Two reasons for this -
First, the algorithms MIL and Boosting classified as pure trackers were more successful thanks to reinitialization from Underside Truth., the TLD may be so self-correcting that the bounding box moves so much from frame to frame that it does not even follow the bottom truth bounding box (sometimes less than 50% intersection) [6].
It does not mean that TLD loses stuff. Select is true but does not center the element in its bounding box.
B. Precision
I decided to use a scaling ratio to measure the accuracy of each algorithm. If the item is found exactly, the dimensions of the bounding rectangle should be about the same as the truth below than otherwise. This criterion excludes all failed data and suggests a maximum acceptable scaling ratio of 2 [9]. The extreme values ??of all algorithms were below this upper bound and the lower bound was of course 0. So, to determine which algorithms performed well according to this criterion, we need to see how close their mean is to 1.0 [1]. Precise minimal and maximal values
C. Time Demands
For this metric, we measured the time it takes each algorithm to process a frame. I had to remove not only the very short time but also the very long time, as the boxplot would be extremely overstretched. SIFT and SURF are very slow. This is because it deals with floating point values ??and internal calculations take time [8]. The rest of the algorithms are fast, but TLD is the slowest. The slowness of the TLD algorithm is due to its relative robustness and lack of optimization in the OpenCV implementation.
Conclusion
The first part is that success brings unexpected results. Of course, the TLD algorithm, which was considered the best on the research base so far, was not all that great. Partly due to its complexity (I could not put the target blob in place due to customization), partly he was due to poor implementation in OpenCV. The second criterion - precision - gives consistent results in terms of standards [4][5]. On the other hand, significant differences are often seen between the minimum and maximum levels of this measure. These results are marked as predictable based on previous research. The long run work on this research is going to be focused of detailed analysis of implementation of those algorithms, including used programming techniques and memory and computing efficiency [8].
References
[1] D. Li, B. Liang, aW. Zhang, „ Real- time moving vehicle discovery, shadowing, and reckoning system enforced with OpenCV\", in 2014 fourth IEEE International Conference on scientific discipline and Technology, 2014, s. 631 – 634.

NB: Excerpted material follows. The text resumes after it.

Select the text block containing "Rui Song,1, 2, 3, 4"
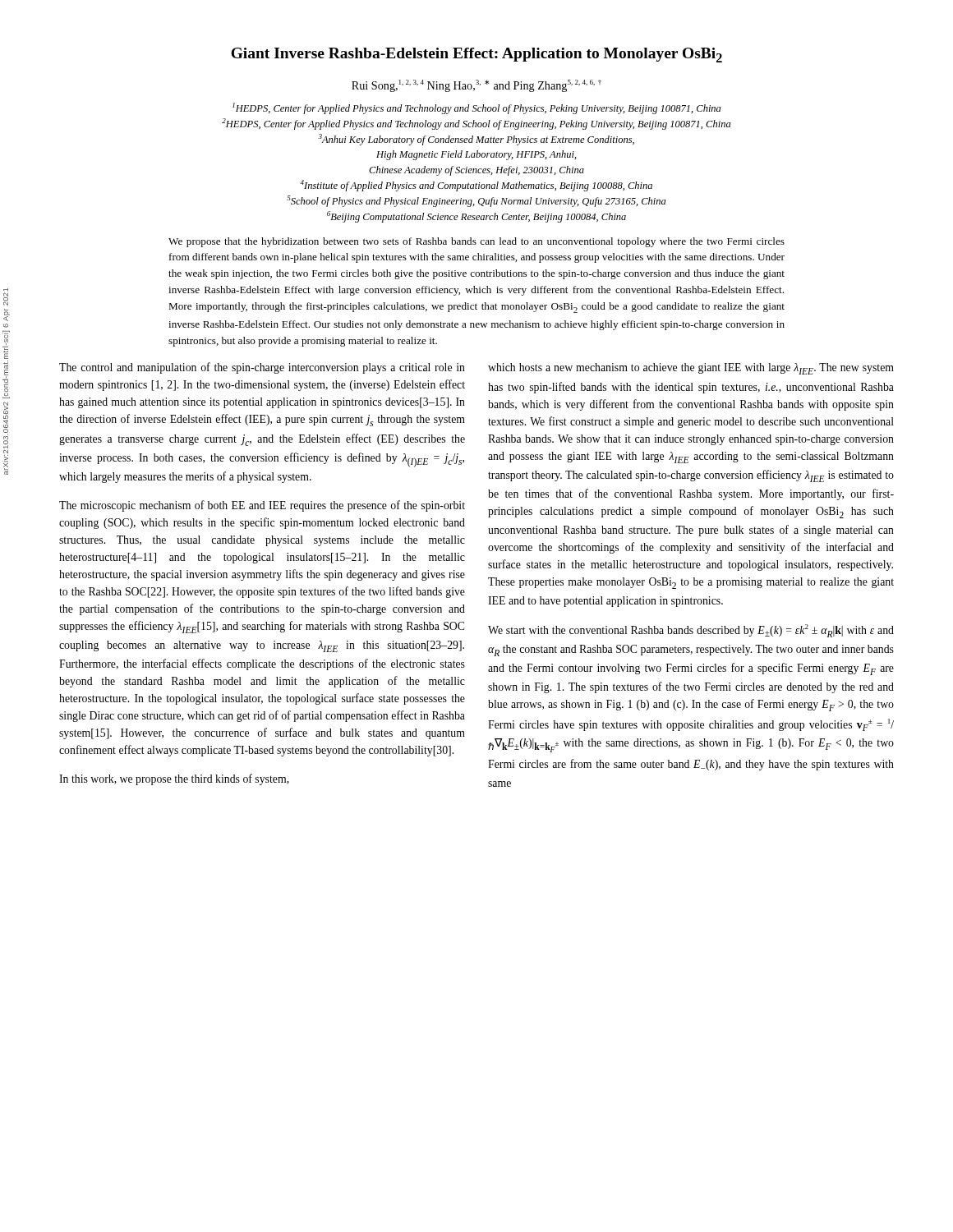Screen dimensions: 1232x953 pos(476,85)

[2] Lowe, D.G.,\" Distinctive Image options from ScaleInvariant Keypoints\", International Journal of laptop Vision, 60, 2, pp. 91- 110, 2004.

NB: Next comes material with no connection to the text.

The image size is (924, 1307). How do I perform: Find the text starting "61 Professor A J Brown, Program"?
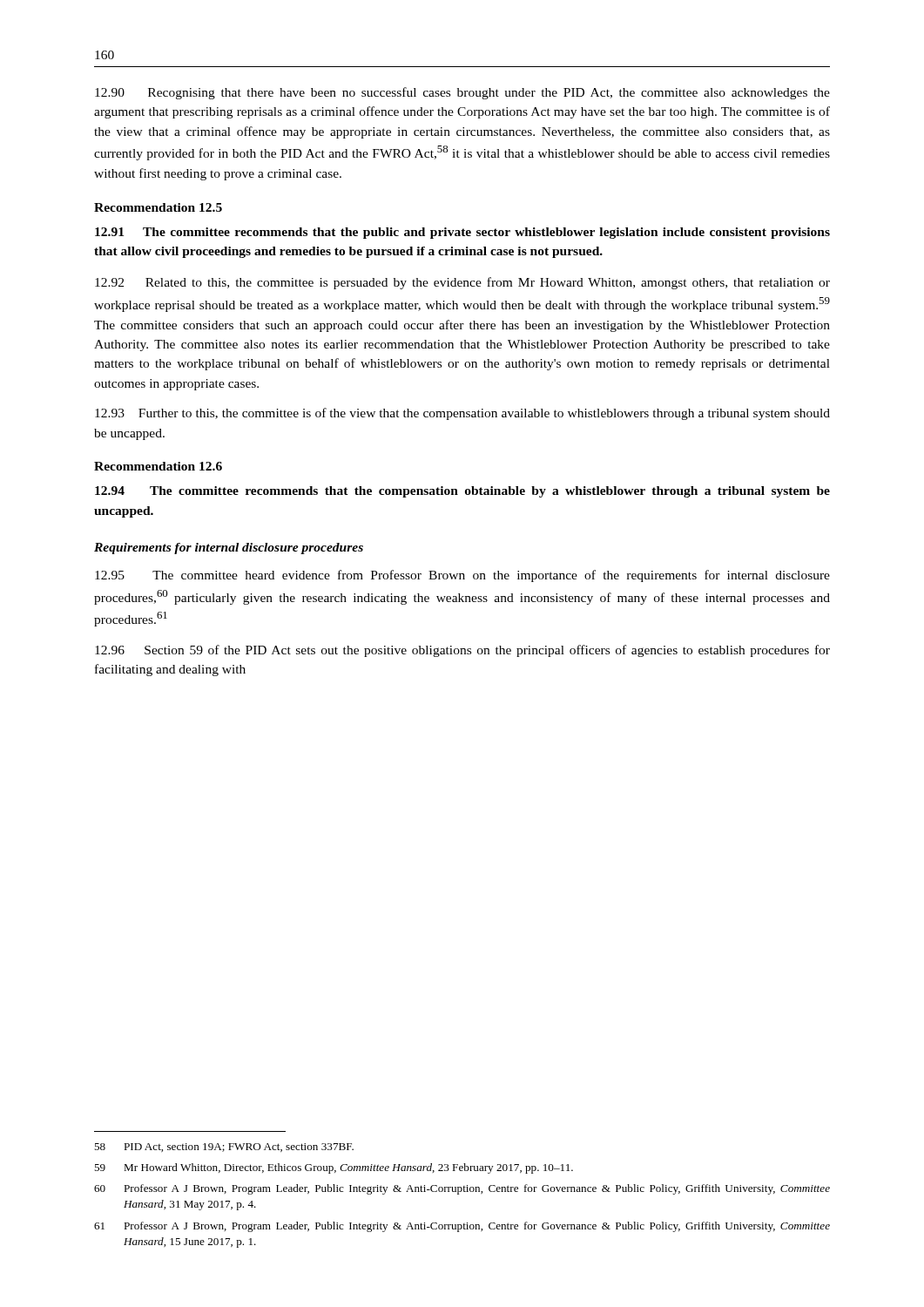click(x=462, y=1234)

[3] OpenCV preface to SIFT (Scale- Invariant purpose transfigure)\", recaptured Commonwealth Day, 2016, from http//docs.opencv.org/3.1.0/da/df5/tutorial_py_sift_intro.html
[4] Bay, H. and Tuytelaars,T. and Van Gool,L.,\" suds accelerated sturdy Features\", ninth European Conference on laptop Vision, 2006.
[5] preface to suds (Speeded- Up sturdy Features)\", recaptured Commonwealth Day, 2016, from http//docs.opencv.org/3.0-beta/doc/py_tutorials/py_feature2d/py_surf_intro/py_surf_intro. html
[6] Features2D Homography to search out a given object\", recaptured Commonwealth Day, 2016, from http//docs.opencv.org/2.4/doc/tutorials/features2d/feature_homography/feature_homography.html
[7] Ethan Rublee, Vincent Rabaud, Kurt Konolige, GaryR. Bradski ORB a good volition to SIFT or SURF. ICCV20112564-2571.
[8] B. Babenko, M-H. Yang, andS. Belongie,\" Visual trailing with on-line Multiple Instance Learning\", In CVPR, 2009.
[9] Z. Kalal, K. Mikolajczyk, andJ. Matas,\" ForwardBackward Error Automatic Discovery of trailing Failures\", International Conference on Pattern Recognition, 2010, pp. 23- 26.
[10] Milton Friedman,J.H., Hastie,T. and Tibshirani,R.,\" additive provision Retrogression a applied mathematics read of Boosting.\", Technical Report,Dept. of Statistics, Stanford, 1998.
[11] Z. Kalal,K. Mikolajczyk, andJ. Matas,\" trailing literacy- Discovery,\" Pattern Analysis and Machine Intelligence 2011.